Oct 17, 2008

Testing: simulating a network failure

Figuring out how distributed software behaves in the event of a network failure or partition can be difficult. It requires testing that involves multiple machines, multiple networks and many hands!.
Virtualisation helps, but for really simple testability, a single VM environment is what you need. What follows, with some context, is a simple solution that may help.

Recently I was trying to track down an issue with Apache ActiveMQ network support. The test scenario required a bunch of VMWare images, dual network cards and periodic manual network disabling.
In order to understand the scenario I tried to reduce it to something more manageable. The iptables firewall in Linux meant I did not have to yank out any network cables. With iptables, and a good tutorial, it is relatively easy to simulate a network failure or temporary network outage by instructing iptables to drop network packets that originate from, or are destined for, an individual port.
For my test, I had a simple network of two embedded brokers, a producer on one broker and a consumer on the other. Both the producer and consumer used the vm protocol, leaving the tcp connector free for the networking calls. The connector was using port: 61616. To simulate a network failure, by dropping all tcp packets to and from port 61616, the following iptables rules do the trick:
$ sudo iptables -I INPUT 1 -p tcp --sport 61616 -j DROP;sudo iptables -I INPUT 2 -p tcp --dport 61616 -j DROP
In order to enable communication again, the two rules added above need to be deleted (for simplicity I just delete the first rule twice):
$ sudo iptables -D INPUT 1;sudo iptables -D INPUT 1
This works fine because I have control over the Linux box and I don't typically run any iptables rules. But this will not always be the case and this will not hold on other platforms or on shared Linux work stations. In addition it requires some manual intervention so it cannot be easily automated.

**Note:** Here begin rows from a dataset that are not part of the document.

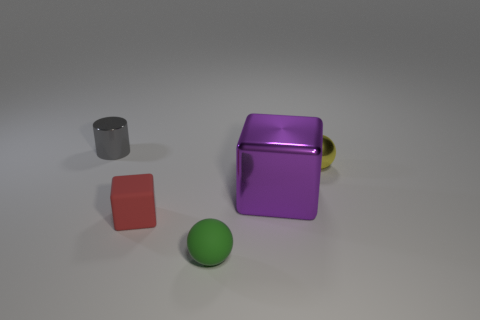What number of gray cylinders are behind the small matte thing that is to the left of the sphere in front of the purple shiny block?
Offer a very short reply. 1. Are there any other things that have the same size as the purple metal thing?
Your response must be concise. No. Do the cylinder and the block that is right of the tiny green ball have the same size?
Your answer should be very brief. No. How many matte balls are there?
Your response must be concise. 1. Is the size of the matte object that is on the left side of the tiny green rubber thing the same as the purple metallic object that is on the left side of the tiny metal ball?
Your response must be concise. No. What is the color of the other rubber thing that is the same shape as the purple object?
Offer a very short reply. Red. Does the large purple metallic thing have the same shape as the red matte thing?
Your answer should be very brief. Yes. There is another object that is the same shape as the large purple metallic object; what size is it?
Provide a succinct answer. Small. What number of tiny balls have the same material as the red object?
Give a very brief answer. 1. What number of objects are either large blue metal blocks or small gray cylinders?
Give a very brief answer. 1. 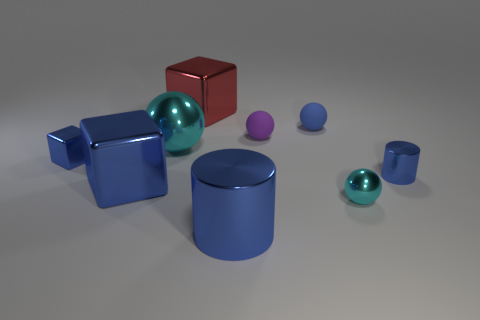What size is the red metallic block?
Keep it short and to the point. Large. Does the metallic ball to the left of the red cube have the same color as the small block?
Make the answer very short. No. Are there more purple objects in front of the large cyan thing than metallic cylinders on the right side of the tiny cyan metal thing?
Your answer should be very brief. No. Is the number of red matte things greater than the number of large red shiny cubes?
Your answer should be compact. No. What size is the object that is both behind the purple matte object and on the left side of the small purple rubber thing?
Provide a succinct answer. Large. There is a blue rubber object; what shape is it?
Provide a succinct answer. Sphere. Is there any other thing that has the same size as the purple ball?
Offer a very short reply. Yes. Is the number of big blue metallic blocks that are behind the large blue cube greater than the number of rubber things?
Your answer should be compact. No. What shape is the small blue metal thing that is behind the blue cylinder behind the big blue thing that is in front of the tiny cyan shiny thing?
Give a very brief answer. Cube. Is the size of the rubber ball that is right of the purple rubber object the same as the large blue shiny cylinder?
Provide a succinct answer. No. 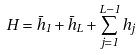Convert formula to latex. <formula><loc_0><loc_0><loc_500><loc_500>H = { \bar { h } _ { 1 } } + { \bar { h } _ { L } } + \sum _ { j = 1 } ^ { L - 1 } h _ { j }</formula>

What I needed I thought, was a simple java socket proxy that could sit as an intermediary between the two ends of the network and which I could control through code. Something that will let traffic pass through until it is instructed not to do so. A quick google did not produce any obvious candidate for reuse so I coded a simple solution that worked for me and built a test case around it. The resulting SocketProxy is uses in BrokerQueueNetworkWithDisconnectTest. The usage pattern is based around replacing required tcp URIs with a proxy URL:

socketProxy = new SocketProxy(remoteURI);
DiscoveryNetworkConnector connector = new DiscoveryNetworkConnector(new URI("static:(" + socketProxy.getUrl() + ")"));
The proxy takes the target URI, sets up a listener and forwarder to the target and through getUrl() returns the proxy URL. To simulate a network failure, socketProxy.stop() is called during the test execution. socketProxy.resume() allows a network reconnect such that recovery can be validated. It made my life a little easier and meant I could produce a reliable and portable test case using a single JVM. I know I will use it again :-)

Note: There is also the option to pause/resume the proxy. This keeps the sockets open but does not allow any traffic to pass through. Pausing allows the simulation of a slow network which was handy for exercising the ActiveMQ inactivity monitor.

3 comments:

yurif2005 said...

This is not a 100% clean solution because even when the proxy is paused the client can send packets to inbound connections on the proxy and the local kernel with send acks back until the socket buffer in the kernel is full. Right?

yurif2005 said...
This comment has been removed by a blog administrator.
Gary Tully said...

correct, the send and receive buffers can indeed be relevant. It all depends on the use case.